WORK REQUEST = Which lines in the records below contain the word "Answer"? Copy each one.

RECORD EXTRACTS =
━━━━━━━━━━━━━━━━
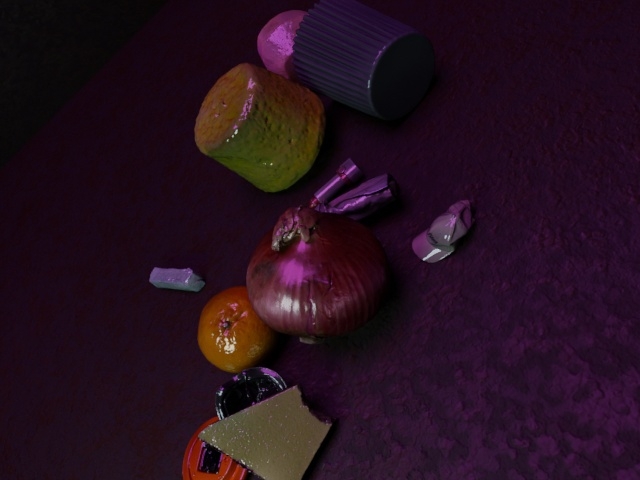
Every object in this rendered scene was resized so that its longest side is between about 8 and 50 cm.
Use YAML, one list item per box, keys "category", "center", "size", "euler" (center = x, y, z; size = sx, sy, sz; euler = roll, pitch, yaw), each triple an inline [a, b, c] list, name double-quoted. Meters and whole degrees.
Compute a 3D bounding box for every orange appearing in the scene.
- category: "orange"
  center: [-0.210, 0.224, 1.415]
  size: [0.219, 0.193, 0.219]
  euler: [-9, 50, 11]

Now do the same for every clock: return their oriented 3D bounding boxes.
- category: "clock"
  center: [-0.251, 0.526, 1.335]
  size: [0.205, 0.051, 0.205]
  euler: [-17, 54, 26]

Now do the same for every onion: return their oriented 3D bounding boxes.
- category: "onion"
  center: [-0.014, 0.080, 1.301]
  size: [0.353, 0.353, 0.354]
  euler: [-18, 53, 25]

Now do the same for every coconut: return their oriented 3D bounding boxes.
- category: "coconut"
  center: [-0.083, -0.637, 1.854]
  size: [0.259, 0.259, 0.259]
  euler: [-18, 53, 25]

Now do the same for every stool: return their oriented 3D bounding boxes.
- category: "stool"
  center: [0.129, -0.520, 1.603]
  size: [0.297, 0.297, 0.330]
  euler: [-49, 51, -2]

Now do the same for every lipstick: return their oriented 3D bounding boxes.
- category: "lipstick"
  center: [0.033, -0.150, 1.576]
  size: [0.186, 0.057, 0.063]
  euler: [-41, 47, 9]

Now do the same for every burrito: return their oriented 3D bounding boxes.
- category: "burrito"
  center: [0.094, -0.097, 1.442]
  size: [0.228, 0.089, 0.144]
  euler: [-24, 7, 13]

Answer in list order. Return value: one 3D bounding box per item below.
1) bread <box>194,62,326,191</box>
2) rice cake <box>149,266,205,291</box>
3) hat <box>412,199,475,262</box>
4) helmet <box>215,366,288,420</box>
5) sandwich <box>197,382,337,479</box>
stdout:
- category: "bread"
  center: [-0.189, -0.336, 1.659]
  size: [0.348, 0.307, 0.349]
  euler: [-18, 65, 44]
- category: "rice cake"
  center: [-0.452, 0.119, 1.729]
  size: [0.206, 0.069, 0.063]
  euler: [2, 63, 34]
- category: "hat"
  center: [0.286, -0.029, 1.311]
  size: [0.166, 0.081, 0.122]
  euler: [-31, 45, 28]
- category: "helmet"
  center: [-0.154, 0.384, 1.318]
  size: [0.176, 0.107, 0.153]
  euler: [-26, 78, -4]
- category: "sandwich"
  center: [-0.110, 0.407, 1.233]
  size: [0.244, 0.063, 0.212]
  euler: [31, 79, 6]
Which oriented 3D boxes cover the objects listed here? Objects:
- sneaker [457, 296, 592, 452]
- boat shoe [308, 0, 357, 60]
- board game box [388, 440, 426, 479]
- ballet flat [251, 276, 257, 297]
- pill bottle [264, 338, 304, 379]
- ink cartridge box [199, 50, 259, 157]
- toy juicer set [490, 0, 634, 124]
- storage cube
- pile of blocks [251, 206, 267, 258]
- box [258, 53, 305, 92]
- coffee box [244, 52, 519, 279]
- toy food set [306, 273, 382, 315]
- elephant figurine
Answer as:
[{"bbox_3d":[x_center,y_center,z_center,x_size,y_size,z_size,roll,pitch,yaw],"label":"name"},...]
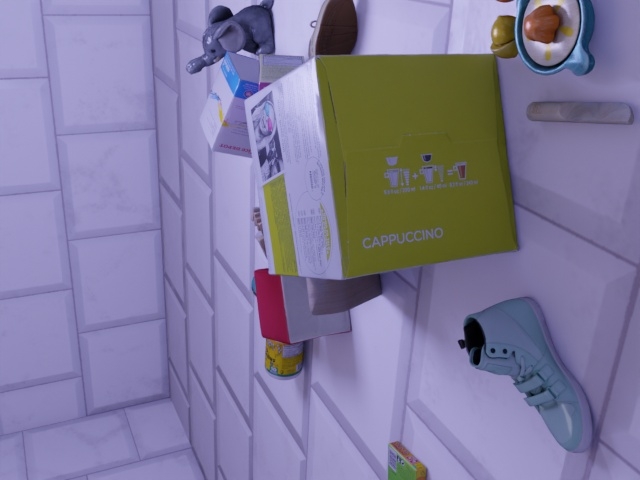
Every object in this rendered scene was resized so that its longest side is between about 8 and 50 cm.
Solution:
[{"bbox_3d":[0.308,0.219,1.072,0.256,0.151,0.094,69,152,23],"label":"sneaker"},{"bbox_3d":[0.013,-0.433,1.578,0.089,0.104,0.285,57,147,41],"label":"boat shoe"},{"bbox_3d":[0.197,0.610,1.592,0.124,0.039,0.259,-151,59,-62],"label":"board game box"},{"bbox_3d":[-0.166,0.186,2.235,0.221,0.077,0.079,41,153,56],"label":"ballet flat"},{"bbox_3d":[-0.107,0.305,2.072,0.117,0.117,0.208,-133,41,-52],"label":"pill bottle"},{"bbox_3d":[-0.213,-0.376,1.946,0.233,0.171,0.168,-60,38,31],"label":"ink cartridge box"},{"bbox_3d":[0.307,-0.290,0.984,0.209,0.089,0.329,156,104,-65],"label":"toy juicer set"},{"bbox_3d":[-0.049,0.161,1.815,0.193,0.183,0.215,-5,92,65],"label":"storage cube"},{"bbox_3d":[-0.100,-0.085,1.892,0.112,0.149,0.362,-133,41,-52],"label":"pile of blocks"},{"bbox_3d":[-0.099,-0.329,1.724,0.243,0.117,0.214,-96,9,-59],"label":"box"},{"bbox_3d":[0.095,-0.120,1.207,0.334,0.337,0.338,177,86,-66],"label":"coffee box"},{"bbox_3d":[0.044,0.029,1.490,0.092,0.306,0.220,-6,92,23],"label":"toy food set"},{"bbox_3d":[-0.263,-0.588,1.978,0.169,0.239,0.186,180,83,-66],"label":"elephant figurine"}]
━━━━━━━━━━━━━━━━
COMPLETED EXERCISE =
Answer in list order. Return value: one 3D bounding box per item below.
Answer as:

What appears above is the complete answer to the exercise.